January 2021 Allocutio
Thy Will be done
Fr. Paul Churchill
People are asking, “When can we get back to where we were?” The answer is that we will never go back to where we were because life is always going forward, it is always changing. No matter how or when we get over the present difficulties we will never emerge where we were before.
God made us to go forward, not to go back. God put the eyes at the front of our heads so that we could look forward and go forward. Do you remember the story of Lot’s wife? She looked back.Why? Drawn maybe to where sin used to be or maybe to gloat over the destruction of sinners? But she is a lesson from God that we must keep going forward, the landscape of life always changing.
Sometimes the tentacles of the past hold people back. Our sins can hold us up and prevent our going forward. But forgiveness releases us from the chains of guilt or enslavement to unhealthy ways so we can go on with our lives. The gift of forgiveness is designed to give life, not to block life.
If some hurt from our past drags us back some good experience may also draw us away from going on. Perhaps the future looks shaky and the old ways seem more secure and we are tempted to retreat. Going forward can require, indeed always requires courage. God’s disposition is that we go forward. We are not designed to go back. I wish now to illustrate this with two examples we know well.
The visit of the angel Gabriel to Mary changed her future. Mary had her own plan for her future. Now God was going to ask her to go another way. It would be very different and had implications for us all. Mary agreed to go forward the new way and trust God. “Be it done into me according to your word!” She had no idea of what lay ahead no more than we know what this New Year has in store for us. Like her, the only disposition we can hold is, “Be it done to us according to your will” and trust God. Whether the vaccines solve the problem or whether a fly will appear in the ointment we do not know. “Be it done to us according to your word!” is the standard Mary has shown us.
Just imagine if the dialogue between Gabriel and Mary had gone another way:
“I’ve to give birth in a stable? Are you serious!”
“Joseph and me and the baby will have to take refuge in Egypt? Oh, come on!”
“This Saviour will still be living at home at 30 and not married? Really!”
“My baby will be killed on a Cross! Are you a psycho or something?”
Our Lady had no hesitation when asked to go forward on a road not of her own planning, not knowing where it would lead. She knew that God is boss, that he is indeed God with all things subject to him, that he is on our side with our good in mind. You can give a blind date to God, a blank cheque. It will not go astray. So let us say YES to this year and go ahead assured.

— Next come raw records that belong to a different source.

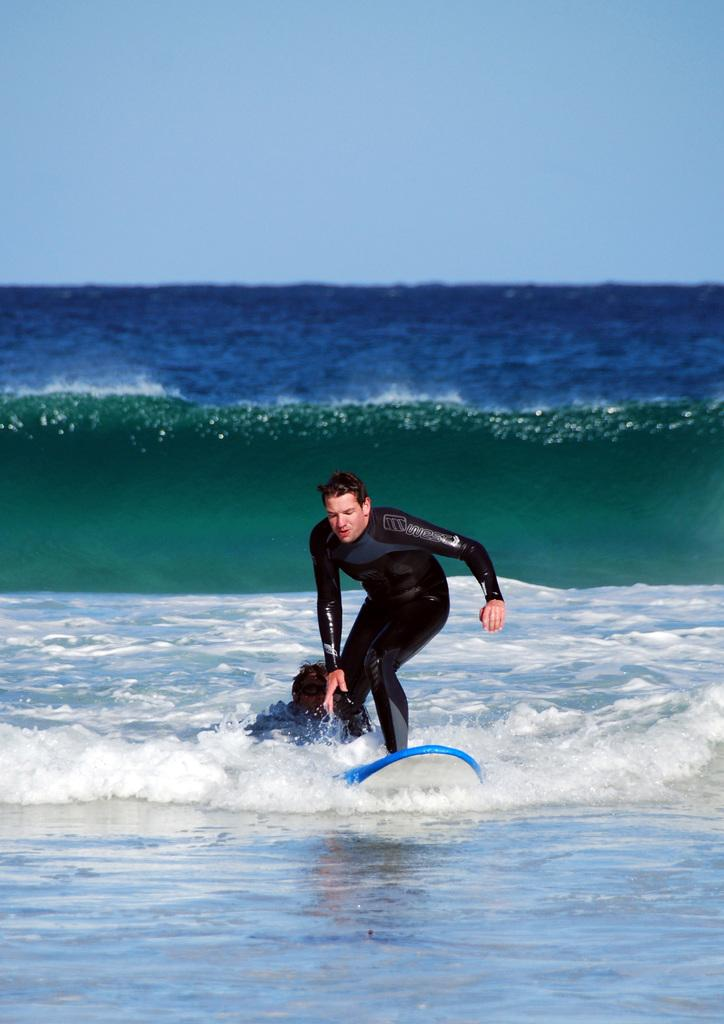What is the main subject of the image? There is a man in the image. What is the man wearing? The man is wearing a black T-shirt. What activity is the man engaged in? The man is surfing on the water. What can be seen in the background of the image? The background of the image includes water. Can you describe the type of water in the image? The water might be in the sea or ocean. What type of string can be seen tied to the man's surfboard in the image? There is no string tied to the man's surfboard in the image. Can you tell me how many copper pipes are visible in the image? There are no copper pipes present in the image. 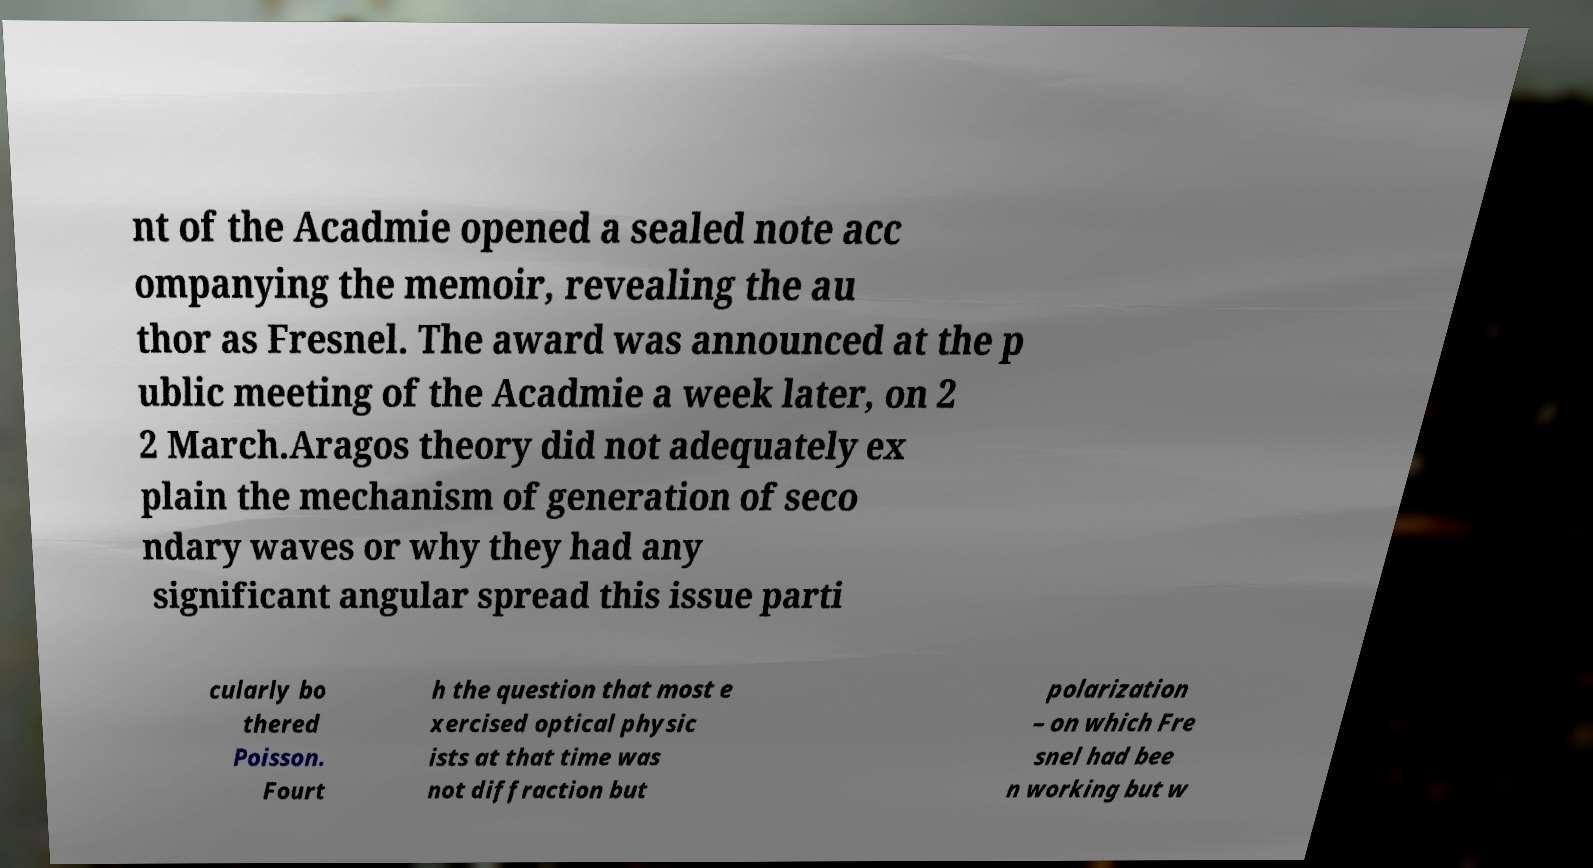Please read and relay the text visible in this image. What does it say? nt of the Acadmie opened a sealed note acc ompanying the memoir, revealing the au thor as Fresnel. The award was announced at the p ublic meeting of the Acadmie a week later, on 2 2 March.Aragos theory did not adequately ex plain the mechanism of generation of seco ndary waves or why they had any significant angular spread this issue parti cularly bo thered Poisson. Fourt h the question that most e xercised optical physic ists at that time was not diffraction but polarization – on which Fre snel had bee n working but w 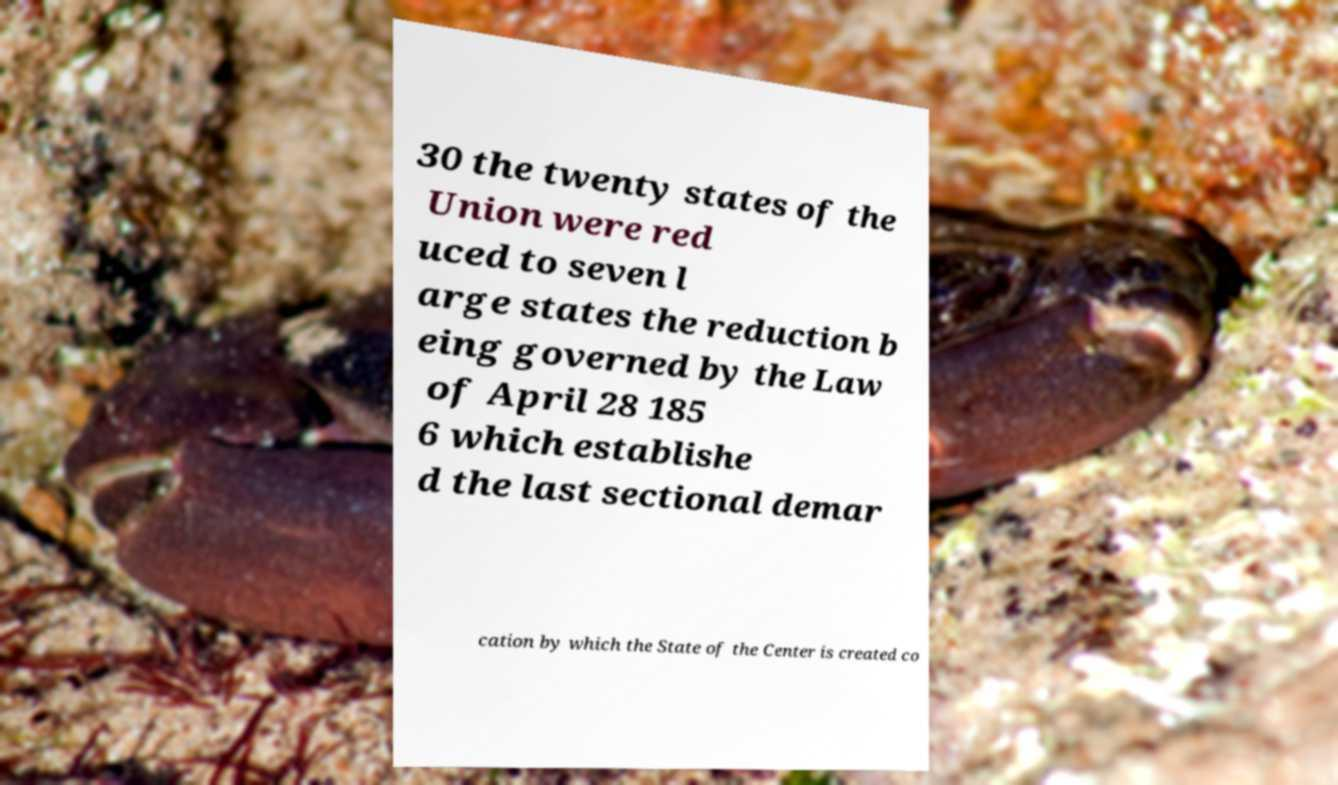There's text embedded in this image that I need extracted. Can you transcribe it verbatim? 30 the twenty states of the Union were red uced to seven l arge states the reduction b eing governed by the Law of April 28 185 6 which establishe d the last sectional demar cation by which the State of the Center is created co 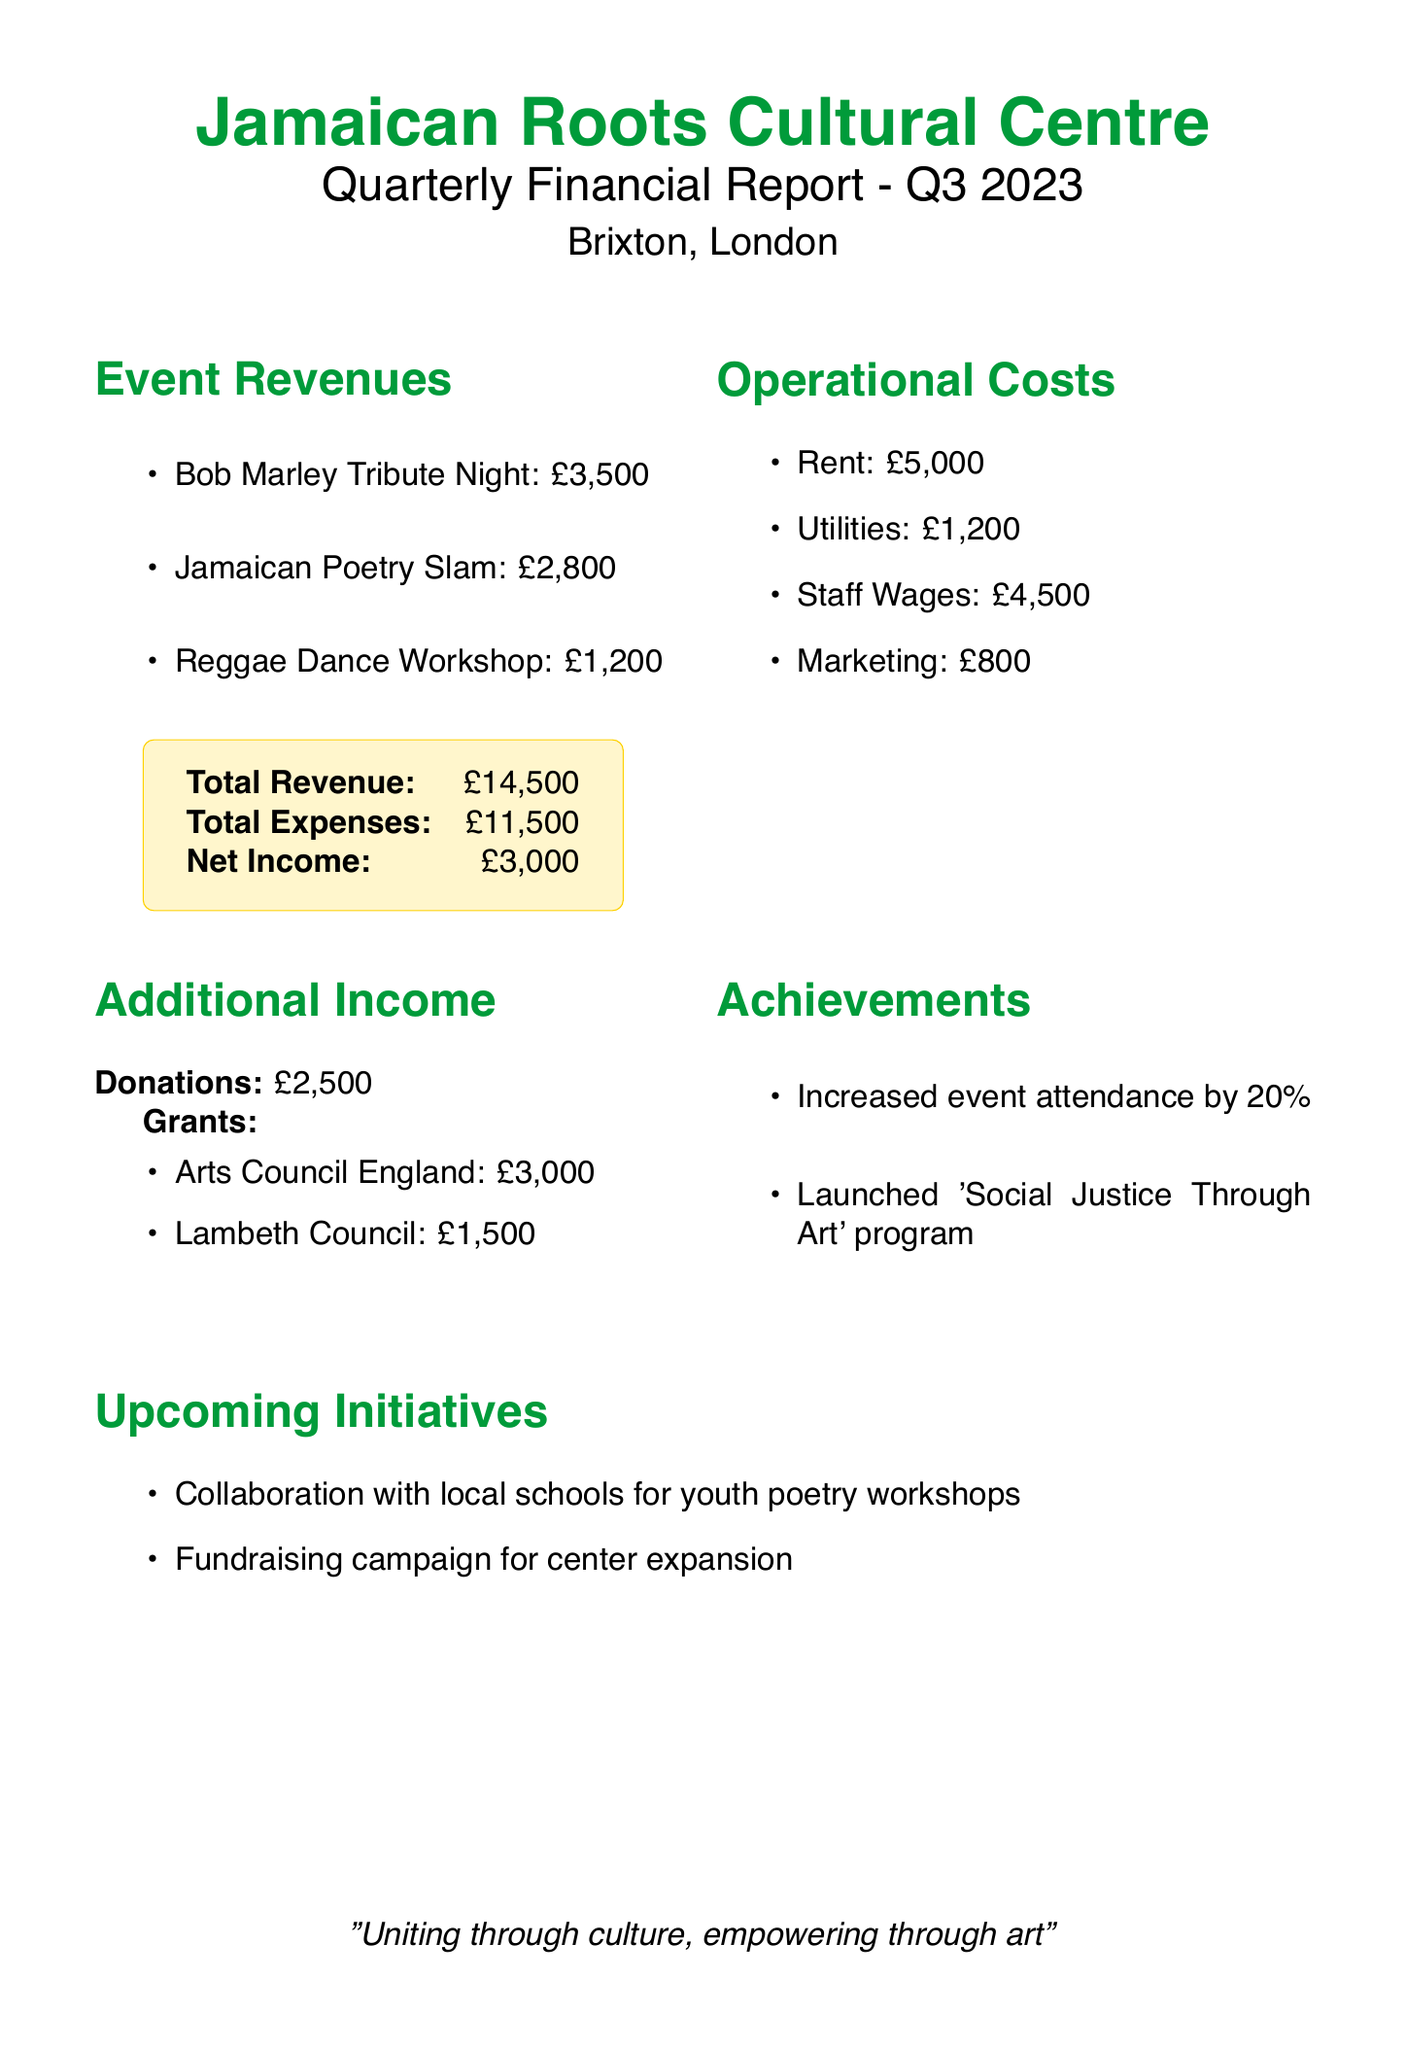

The other example is from the Garden of Gethsemane. “Father, not my will but thine be done!” Jesus was going forward to a difficult end. The disciples had warned him, “Master, they wanted to stone you. Are you going back?” (Jn 11:8). “Now my soul is in distress. Shall I say ‘Father save me from this hour?’ But I have come to this hour to face it all” (Jn 12:27). While we can fear what might be his humanity trembles at what will be. But still those words, “Not my will but thine be done!” That is the disposition of heart he puts before us as an example as he faces into the last lap, so to speak.
As he leaves the Upper Room after the Last Supper he says, “Come. Let us go” (Jn 14:31) and as we begin this year let us go forward with him, heeding his words, “You will have trouble in the world, but courage, I have overcome the world” (Jn 16:33).
So let us go forward trusting the future. It is all in his hands. Let us commend it to the care of Mary also asking her to help us say from our hearts, with her, “Be it done to me according to your Word!”